Eventually, somehow, Borat finds himself quarantining with two Qanon believers. These two guys might be kind in letting Borat stay with them—although, what they understand to be going on, what with the cameras being present, is unclear—but they also think it’s entirely possible that Hillary Clinton drinks blood or adrenaline or whatever that is harvested from children. All three attend a rally where Borat sings and encourages people to cheer the notion of killing various people like Dr. Fauci and journalists.

It is funny and it is horrible. These are two actual, real, people who believe this nonsense. There were plenty of folks singing and cheering at the rally. There are a number of other people in the movie who believe equally terrible things. Over and over again we treated to increasing levels of stupidity on the part of “regular” people in the United States.

Crucially, what we can’t know about “Borat Subsequent Moviefilm” is the truth behind the production. That is, did Cohen and Bakalova (who is fantastic) repeatedly get stopped when they tried one of their pranks only to have to refilm it with someone else as the patsy? How often were they told “no,” or corrected when they said something awful?

To show those moments would make the movie less funny and work less well, but might make our national future seem less bleak. “Subsequent Moviefilm” is funny if 95% of the time Borat and Tutar were stopped and we’re only getting the 5% where they weren’t. It’s terrifying if it’s the other way around.

This is where personal opinion enters it, because my belief is that the vast majority of the time Borat and Tutar were allowed to do and say whatever they wanted. There is an argument to be made that some folks didn’t stop them out of sheer politeness, which very well may be true a couple of the times, but there are other moments—too many of them—where that argument simply cannot hold up.

Interestingly, the movie also often doesn’t get as horrible as it might. There are a ton of moments which could have gone a whole lot worse if the camera had lingered for a longer time or Borat and Tutar had allowed them to progress. I would love a legal opinion on whether such a thing would cross some sort of line, or if the producers, perhaps, simply viewed it all as a moral obligation.

It would be wrong if I didn’t note the fact that there are a number of wonderful, kind, caring, people depicted in the movie as well. Many of those scenes, whether we’re seeing a group of Republican women or a babysitter, work without leaving the audience with a sense of impending doom. But, the showstopping moments tend to be the ones where our own inhumanity is on display.

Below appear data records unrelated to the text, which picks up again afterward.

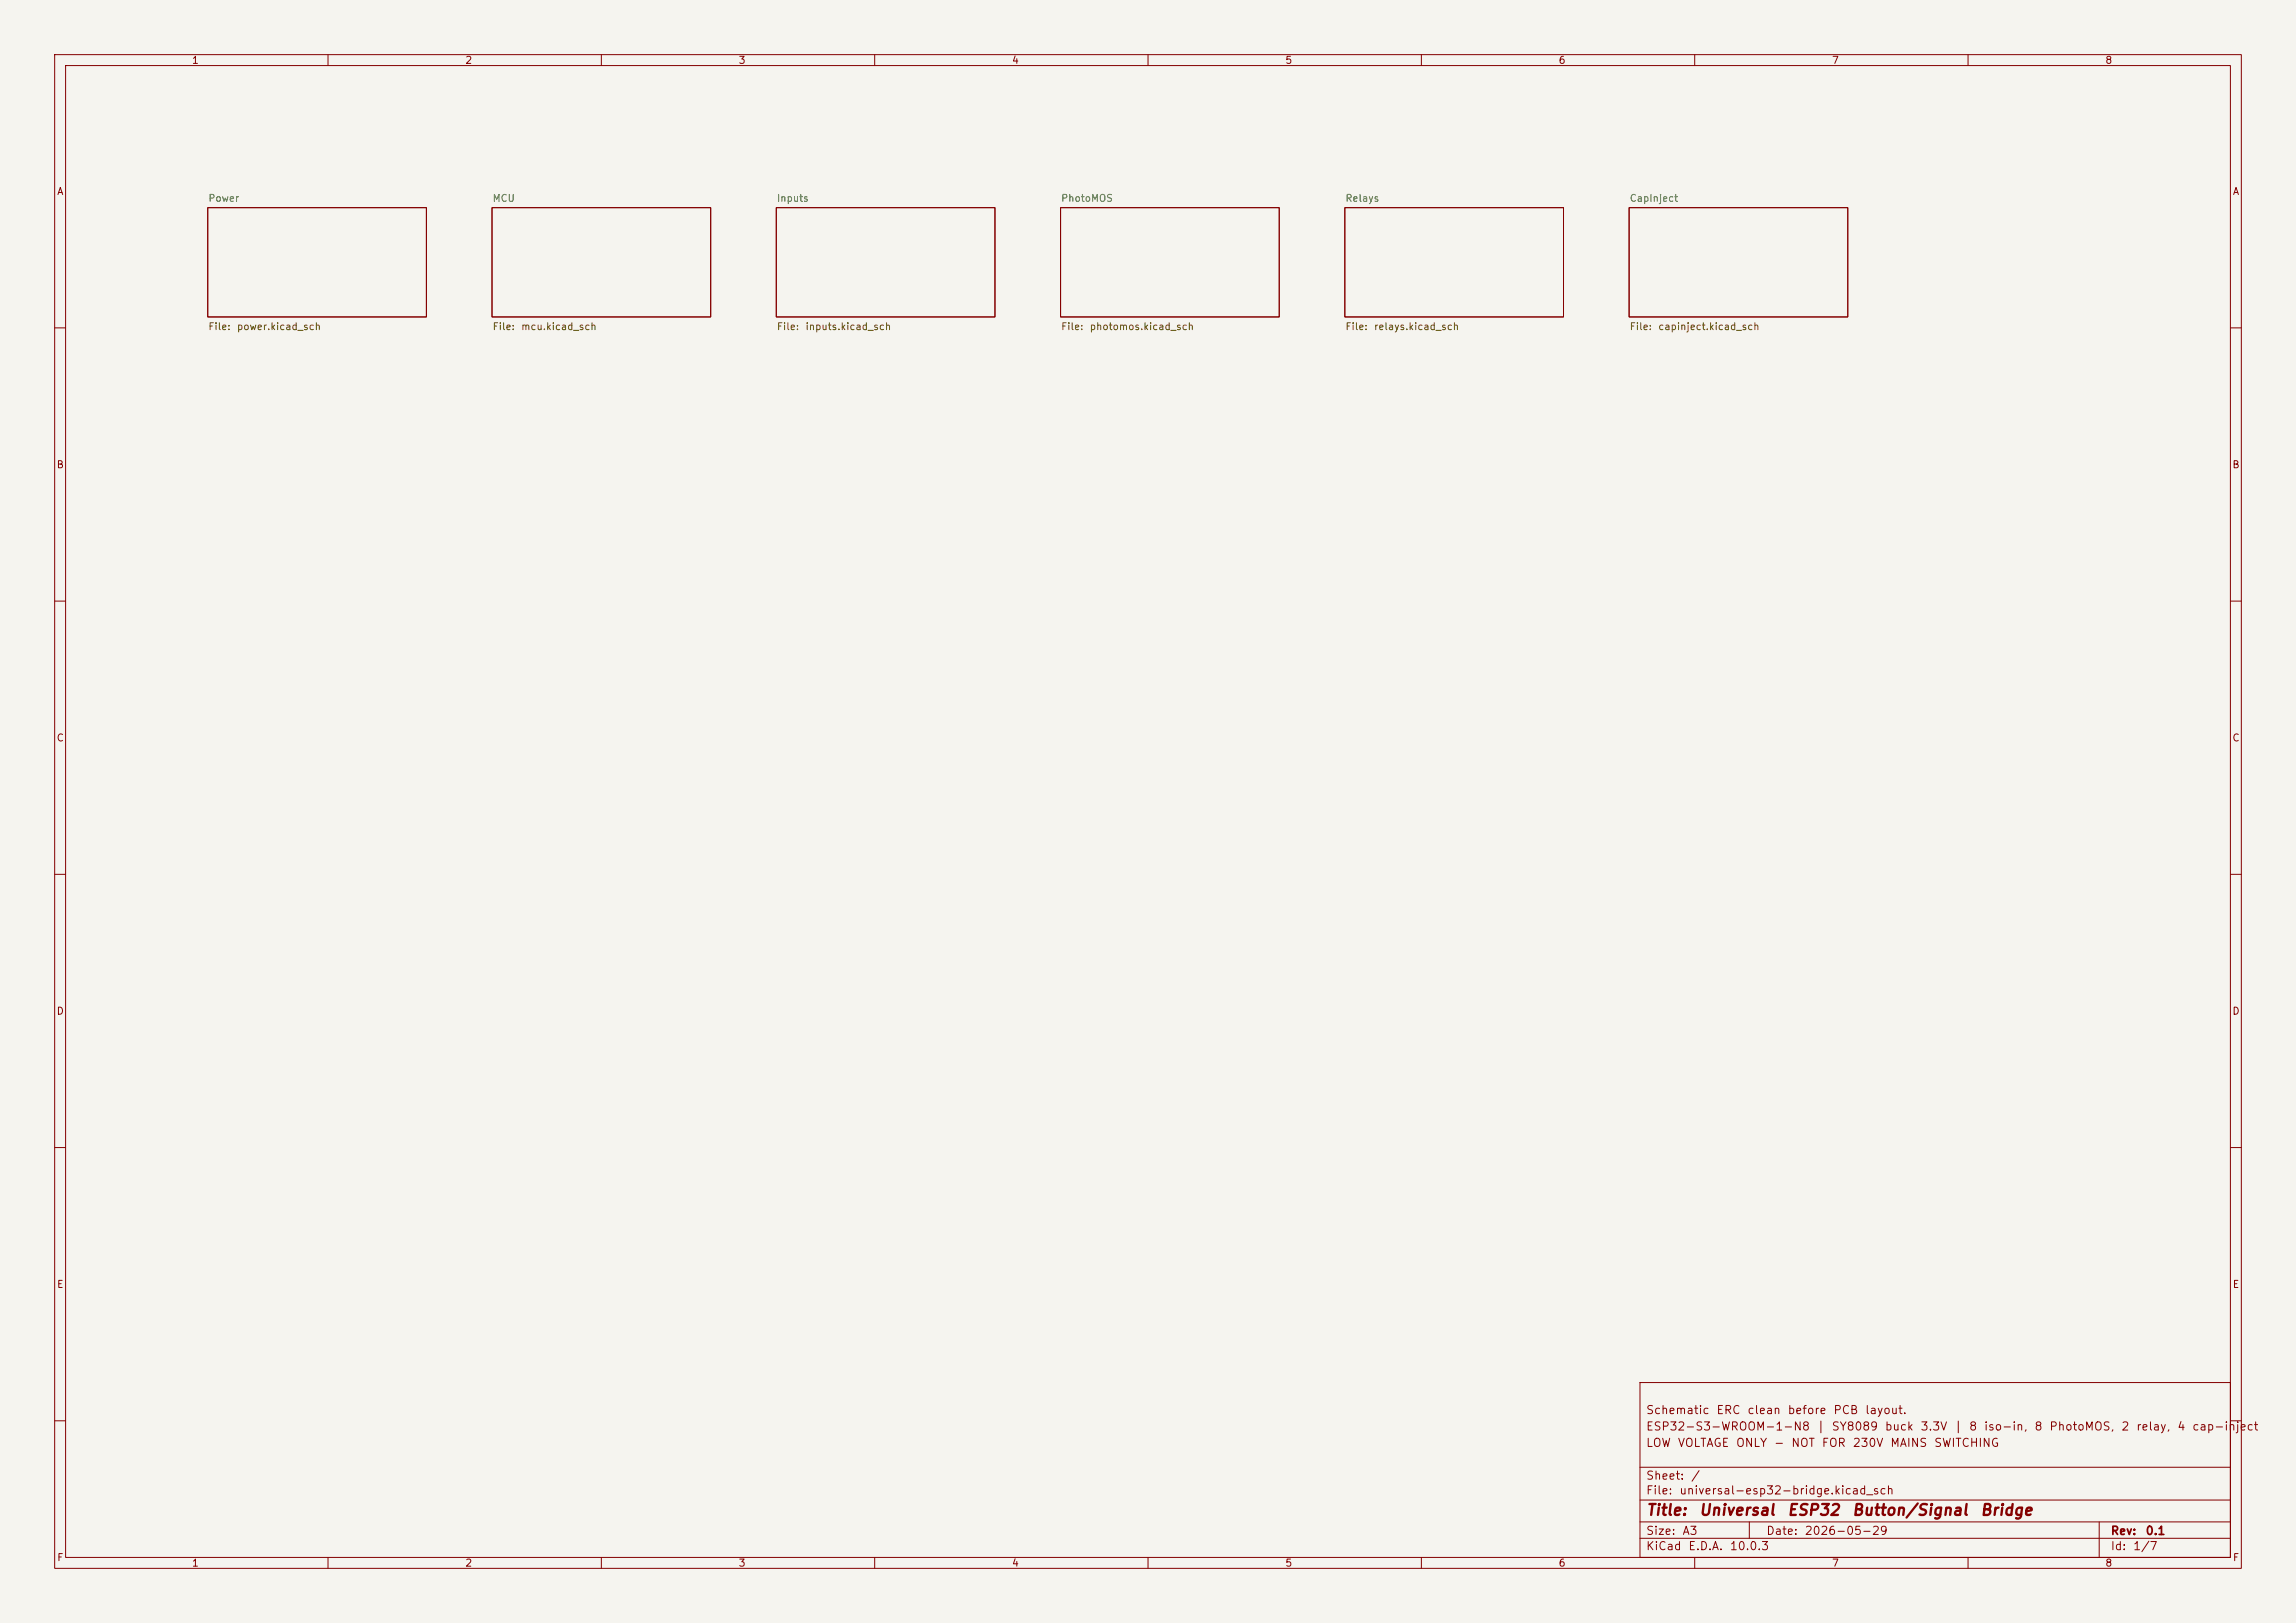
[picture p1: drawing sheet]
<svg xmlns="http://www.w3.org/2000/svg" width="420mm" height="297mm" viewBox="0 0 420 297" stroke-linecap="round" stroke-linejoin="round" font-family="sans-serif">
<defs><g id="words">
<g font-size="2" fill="#840000">
<text x="301" y="277.8">Title:</text>
<text x="310.7" y="277.8">Universal</text>
<text x="326.8" y="277.8">ESP32</text>
<text x="338.6" y="277.8">Button/Signal</text>
<text x="362.1" y="277.8">Bridge</text>
</g>
<g font-size="1.5" fill="#840000">
<text x="301" y="262.1">ESP32-S3-WROOM-1-N8</text>
<text x="301" y="259.1">Schematic</text>
<text x="313.9" y="259.1">ERC</text>
<text x="319.5" y="259.1">clean</text>
<text x="326.9" y="259.1">before</text>
<text x="332.2" y="262.1">|</text>
<text x="334.9" y="262.1">SY8089</text>
<text x="335.3" y="259.1">PCB</text>
<text x="341.1" y="259.1">layout.</text>
<text x="344.7" y="262.1">buck</text>
<text x="351.2" y="262.1">3.3V</text>
<text x="357.3" y="262.1">|</text>
<text x="360.1" y="262.1">8</text>
<text x="362.8" y="262.1">iso-in,</text>
<text x="372" y="262.1">8</text>
<text x="374.8" y="262.1">PhotoMOS,</text>
<text x="387.9" y="262.1">2</text>
<text x="390.6" y="262.1">relay,</text>
<text x="398.2" y="262.1">4</text>
<text x="400.9" y="262.1">cap-inject</text>
<text x="301" y="265.1">LOW</text>
<text x="306.8" y="265.1">VOLTAGE</text>
<text x="317.4" y="265.1">ONLY</text>
<text x="324.4" y="265.1">-</text>
<text x="327.5" y="265.1">NOT</text>
<text x="333.1" y="265.1">FOR</text>
<text x="338.8" y="265.1">230V</text>
<text x="345.7" y="265.1">MAINS</text>
<text x="353.7" y="265.1">SWITCHING</text>
<text x="301" y="273.8">File:</text>
<text x="301" y="271.1">Sheet:</text>
<text x="307.1" y="273.8">universal-esp32-bridge.kicad_sch</text>
<text x="309.2" y="271.1">/</text>
<text x="301" y="281.2">Size:</text>
<text x="307.6" y="281.2">A3</text>
<text x="323" y="281.2">Date:</text>
<text x="330" y="281.2">2026-05-29</text>
<text x="386" y="281.2">Rev:</text>
<text x="392.4" y="281.2">0.1</text>
<text x="301" y="284">KiCad</text>
<text x="308.7" y="284">E.D.A.</text>
<text x="316.3" y="284">10.0.3</text>
<text x="386" y="284">Id:</text>
<text x="390.1" y="284">1/7</text>
</g>
<g font-size="1.3" fill="#840000">
<text x="35" y="12">1</text>
<text x="85" y="12">2</text>
<text x="135" y="12">3</text>
<text x="185" y="12">4</text>
<text x="235" y="12">5</text>
<text x="285" y="12">6</text>
<text x="335" y="12">7</text>
<text x="385" y="12">8</text>
<text x="10.3" y="36">A</text>
<text x="408.3" y="36">A</text>
<text x="10.3" y="86">B</text>
<text x="408.2" y="86">B</text>
<text x="10.3" y="136">C</text>
<text x="408.2" y="136">C</text>
<text x="10.3" y="186">D</text>
<text x="408.2" y="186">D</text>
<text x="10.3" y="236">E</text>
<text x="408.3" y="236">E</text>
<text x="10.3" y="286">F</text>
<text x="35" y="287">1</text>
<text x="85" y="287">2</text>
<text x="135" y="287">3</text>
<text x="185" y="287">4</text>
<text x="235" y="287">5</text>
<text x="285" y="287">6</text>
<text x="335" y="287">7</text>
<text x="385" y="287">8</text>
<text x="408.3" y="286">F</text>
</g>
<g font-size="1.3" fill="#006464">
<text x="38" y="37.2">Power</text>
<text x="90" y="37.2">MCU</text>
<text x="142" y="37.2">Inputs</text>
<text x="194" y="37.2">PhotoMOS</text>
<text x="246" y="37.2">Relays</text>
<text x="298" y="37.2">CapInject</text>
</g>
<g font-size="1.3" fill="#725600">
<text x="38" y="60.7">File:</text>
<text x="43.2" y="60.7">power.kicad_sch</text>
<text x="90" y="60.7">File:</text>
<text x="95.2" y="60.7">mcu.kicad_sch</text>
<text x="142" y="60.7">File:</text>
<text x="147.2" y="60.7">inputs.kicad_sch</text>
<text x="194" y="60.7">File:</text>
<text x="199.2" y="60.7">photomos.kicad_sch</text>
<text x="246" y="60.7">File:</text>
<text x="251.2" y="60.7">relays.kicad_sch</text>
<text x="298" y="60.7">File:</text>
<text x="303.2" y="60.7">capinject.kicad_sch</text>
</g>
</g></defs>
<path d="M0 0h420v297h-420z" fill="#f5f4ef" stroke="#f5f4ef" stroke-width=".18"/>
<g fill="none" stroke="#840000" stroke-width=".18">
<path d="M10 10h400v277h-400zM12 12h396v273h-396zM60 10v2M110 10v2M160 10v2M210 10v2M260 10v2M310 10v2M360 10v2M38 38h40v20h-40zM90 38h40v20h-40zM142 38h40v20h-40z"/>
<path d="M194 38h40v20h-40zM246 38h40v20h-40zM298 38h40v20h-40zM10 60h2M408 60h2M10 110h2M408 110h2M10 160h2M408 160h2M10 210h2M408 210h2M300 253h108v32h-108z"/>
<path d="M10 260h2M300 278.5h108M300 274.5h108M300 268.5h108M320 278.5v3M384 278.5v6.5M408 260h2M60 285v2M110 285v2M160 285v2M210 285v2M260 285v2"/>
<path d="M300 281.5h108M310 285v2M360 285v2"/>
</g>
<use href="#words"/>
</svg>

There is no doubt that “Borat Subsequent Moviefilm: Delivery of Prodigious Bribe to American Regime for make Benefit once Glorious Nation of Kazakhstan” will make you laugh, even if it’s a cringing sort of laughter. There can be no doubt that the idea for at least one sequence in it seems lifted from the original movie. And there can be no doubt that there are good people shown in the film. Despite that goodness, it is impossible to watch the movie—to think about what you’re being shown—and to not walk away with some sense of dismay deep in the pit of your stomach.